A robot cannot do that; all they can do is look around as good as possible and visually determine their situation.
Yeah but imagine yourself lying on the floor with your vision being your only sense, plus an info floating in your mind: „fyi, you are no longer upright“.
That’s all, you feel nothing else. Now your job is to move all parts of your body in just the right way.
The point about being aware of lying underneath some object was interesting. Sound might matter, like the frequency of background noise changes when you're in an enclosed space, and listening to your own shuffling noises helps you know when you've planted your feet right - or something. I have some really effective ear plugs and I notice they make it harder to move around.

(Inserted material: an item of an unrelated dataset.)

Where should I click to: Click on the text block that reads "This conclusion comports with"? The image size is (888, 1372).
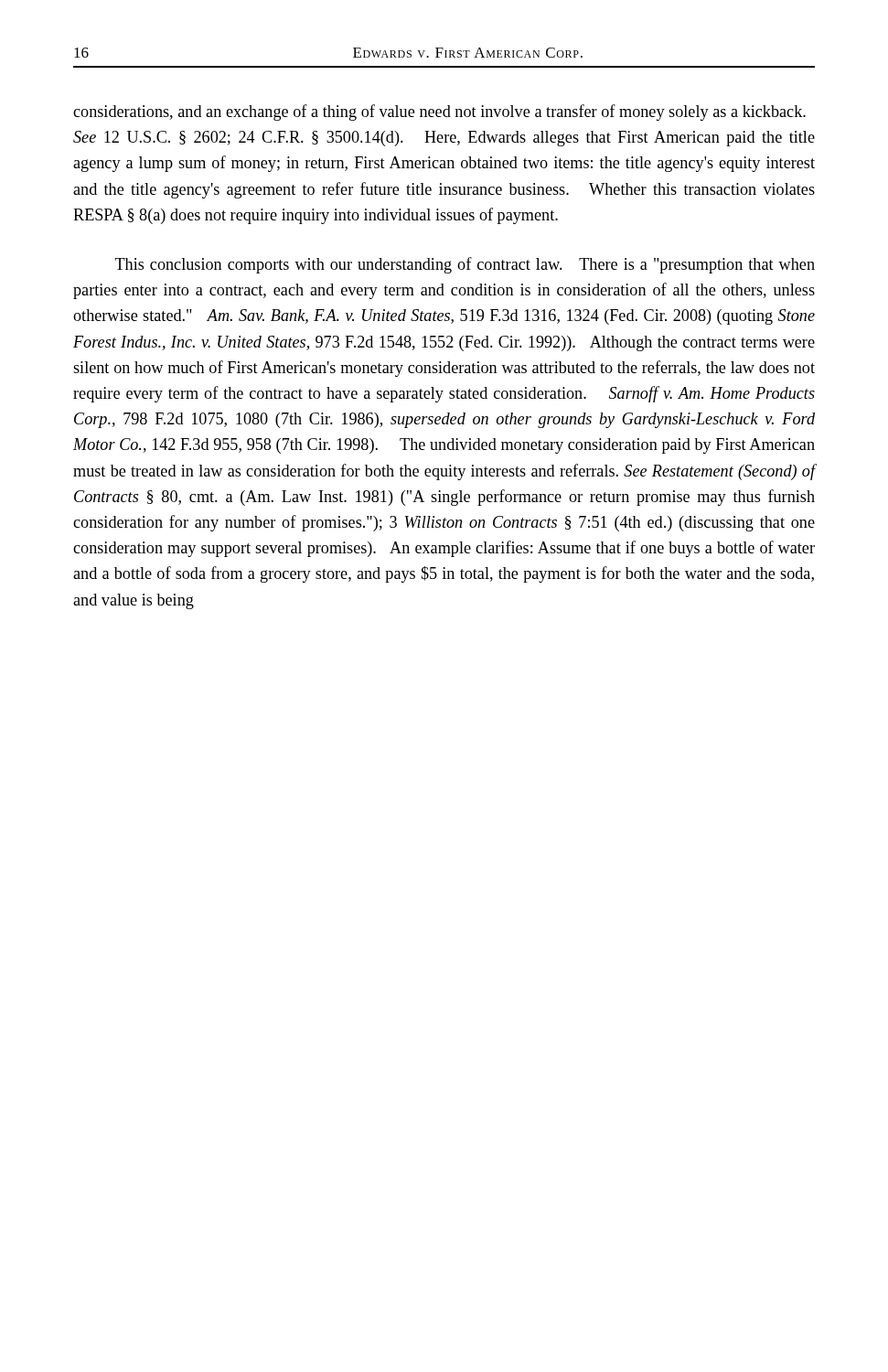pyautogui.click(x=444, y=432)

Having said that, I've probably hit my head on the underside of an open cupboard door five or six times in my life, and I expect to do it again.
It is also things like "I can feel that my left knee is bearing a little too much weight, I should shift weight to my right hand and use that to push myself up" - things that come automatically to animals after learning the hard way in infancy (some of it is innate; baby animals are clumsy, but usually more mobile than human infants). Regardless of learned-vs-instinct, these abilities rely on sophisticated "sensors" and cognition. I suspect engineering the sensors is actually a bit harder, but I'm also not optimistic about a deep learning approach to the cognition.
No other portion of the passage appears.